In the 1970s, Imax transported viewers into unexpected realms: “Circus World” was a documentary about the Ringling Brothers and the Barnum & Bailey Circus; “To fly!” recorded the wonders of flight; and “Ocean” was about marine life.
In the 1980s, Mr. Ferguson approached NASA with the idea of getting moviegoers into space by training astronauts to use Imax cameras on spaceships. The collaboration resulted in several successful documentaries that firmly established the Imax brand.
Mr. Ferguson and his co-founders sold the company in 1994 when they were over 60 to two American businessmen, Richard Gelfond and Bradley Wechsler, who leveraged Imax and brought the brand to the public. In the Take One interview, Mr. Ferguson admitted that he was surprised at how difficult it was to find a buyer despite the company’s established success.

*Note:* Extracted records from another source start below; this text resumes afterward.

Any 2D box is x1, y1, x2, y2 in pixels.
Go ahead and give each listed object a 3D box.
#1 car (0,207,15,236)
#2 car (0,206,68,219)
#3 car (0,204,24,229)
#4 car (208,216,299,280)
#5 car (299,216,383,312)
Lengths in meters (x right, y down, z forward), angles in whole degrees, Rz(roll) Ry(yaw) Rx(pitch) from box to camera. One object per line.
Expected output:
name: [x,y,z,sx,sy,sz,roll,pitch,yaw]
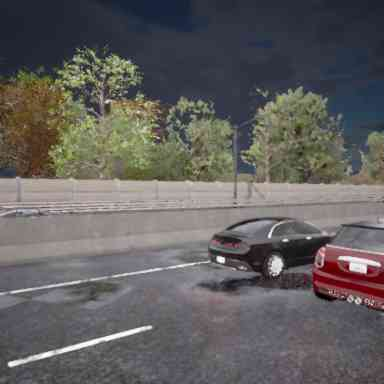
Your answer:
car: [-11.628,1.565,17.193,4.181,1.385,1.994,0,0,-35]
car: [-8.203,1.489,15.336,4.902,1.511,2.128,0,0,-35]
car: [-13.083,1.525,20.438,4.674,1.442,1.812,0,0,-36]
car: [2.717,1.493,9.980,4.892,1.490,1.837,0,0,-35]
car: [4.636,1.340,7.052,4.553,1.767,2.097,0,0,-35]
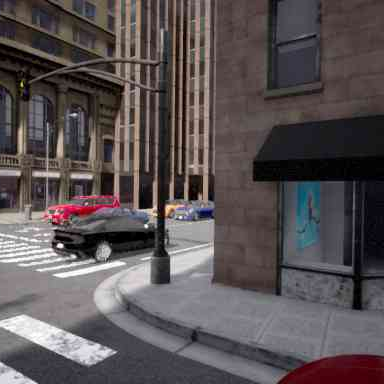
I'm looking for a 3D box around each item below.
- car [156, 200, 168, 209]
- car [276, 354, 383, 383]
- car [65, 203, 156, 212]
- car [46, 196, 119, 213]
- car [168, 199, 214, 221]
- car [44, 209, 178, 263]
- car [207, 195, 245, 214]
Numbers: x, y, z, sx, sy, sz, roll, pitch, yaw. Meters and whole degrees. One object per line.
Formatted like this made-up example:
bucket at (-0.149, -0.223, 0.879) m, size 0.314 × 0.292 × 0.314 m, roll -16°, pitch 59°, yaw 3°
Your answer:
car at (-1.851, 1.504, 31.873) m, size 2.097 × 1.767 × 4.553 m, roll 1°, pitch 0°, yaw 35°
car at (2.411, 1.545, 1.255) m, size 4.507 × 1.381 × 1.887 m, roll 0°, pitch 1°, yaw 35°
car at (-5.087, 1.658, 21.595) m, size 2.033 × 1.411 × 5.357 m, roll 1°, pitch 0°, yaw 35°
car at (-7.552, 1.289, 23.734) m, size 2.150 × 2.045 × 5.566 m, roll 1°, pitch 0°, yaw 35°
car at (0.347, 1.544, 29.345) m, size 2.097 × 1.767 × 4.553 m, roll 1°, pitch 0°, yaw 35°
car at (-2.926, 1.643, 13.006) m, size 1.882 × 1.535 × 5.008 m, roll 1°, pitch 0°, yaw 35°
car at (4.232, 1.465, 40.543) m, size 2.150 × 2.045 × 5.566 m, roll 1°, pitch 0°, yaw 35°
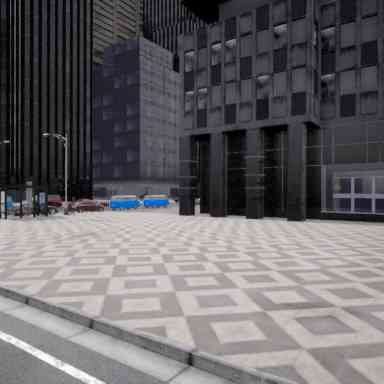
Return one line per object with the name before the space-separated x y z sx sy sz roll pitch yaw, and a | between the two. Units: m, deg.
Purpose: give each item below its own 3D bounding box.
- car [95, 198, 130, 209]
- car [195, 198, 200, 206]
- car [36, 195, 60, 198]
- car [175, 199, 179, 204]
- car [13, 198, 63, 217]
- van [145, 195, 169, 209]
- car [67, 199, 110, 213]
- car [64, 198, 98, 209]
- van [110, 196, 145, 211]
car | -10.993 1.574 46.186 1.895 1.301 4.718 0 0 36
car | 1.821 1.570 54.087 1.802 1.307 4.206 0 0 35
car | -18.293 1.285 40.527 2.192 1.841 5.009 0 0 35
car | -1.079 1.485 59.949 1.895 1.301 4.718 0 0 35
car | -14.640 1.549 30.960 2.008 1.369 4.403 0 0 35
van | -4.763 1.330 44.836 1.690 1.788 3.998 0 0 35
car | -11.348 1.576 35.585 1.802 1.307 4.206 0 0 35
car | -15.002 1.549 45.153 1.802 1.307 4.206 0 0 35
van | -8.055 1.332 40.211 1.690 1.788 3.998 0 0 35
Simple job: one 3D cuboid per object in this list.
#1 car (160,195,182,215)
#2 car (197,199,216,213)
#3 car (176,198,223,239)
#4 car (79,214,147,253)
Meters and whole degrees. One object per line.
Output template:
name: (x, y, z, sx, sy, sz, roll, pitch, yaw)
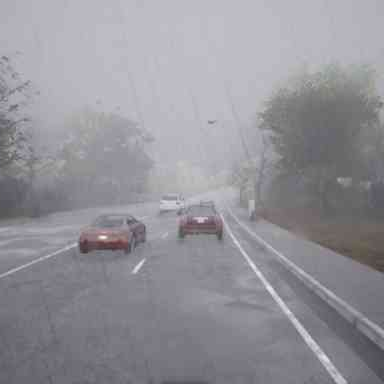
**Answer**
car: (-2.029, 1.299, 35.457, 2.150, 2.045, 5.566, 0, 0, 4)
car: (1.764, 1.579, 39.004, 2.128, 1.511, 4.902, 0, 0, 5)
car: (0.493, 1.392, 17.747, 2.097, 1.767, 4.553, 0, 0, 2)
car: (-3.125, 1.593, 13.832, 1.994, 1.385, 4.181, 0, 0, 1)
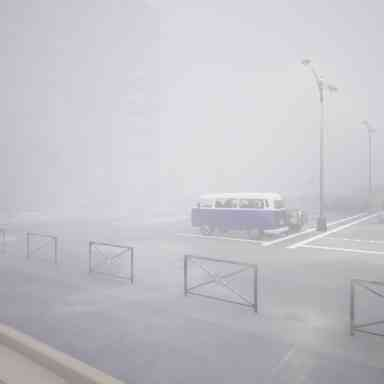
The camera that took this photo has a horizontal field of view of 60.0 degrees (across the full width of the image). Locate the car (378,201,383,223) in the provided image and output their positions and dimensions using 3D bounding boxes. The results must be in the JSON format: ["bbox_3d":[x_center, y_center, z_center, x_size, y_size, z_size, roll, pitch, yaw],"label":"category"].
[{"bbox_3d":[13.977,1.395,20.962,3.806,1.475,1.970,0,0,36],"label":"car"}]

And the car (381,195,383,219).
[{"bbox_3d":[17.224,1.153,25.499,4.605,1.855,1.932,0,0,36],"label":"car"}]

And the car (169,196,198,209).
[{"bbox_3d":[-1.763,1.436,54.470,2.128,1.511,4.902,0,0,36],"label":"car"}]

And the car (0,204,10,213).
[{"bbox_3d":[-19.452,1.492,29.948,2.033,1.411,5.357,0,0,36],"label":"car"}]

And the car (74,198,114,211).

“The reaction time to new things is always longer than the inventor can ever imagine,” he says. “You think you might have built the better mousetrap and the world will be at your door the next morning, but they will be at your door about five years later. This is how the world really works. “
After the sale of Imax, Mr. Ferguson remained loyal to the company. He worked as a consultant and produced films such as “L5: First City in Space” (1996), “Hubble 3-D” (2010) and “A Beautiful Planet” (2016), narrated by Jennifer Lawrence.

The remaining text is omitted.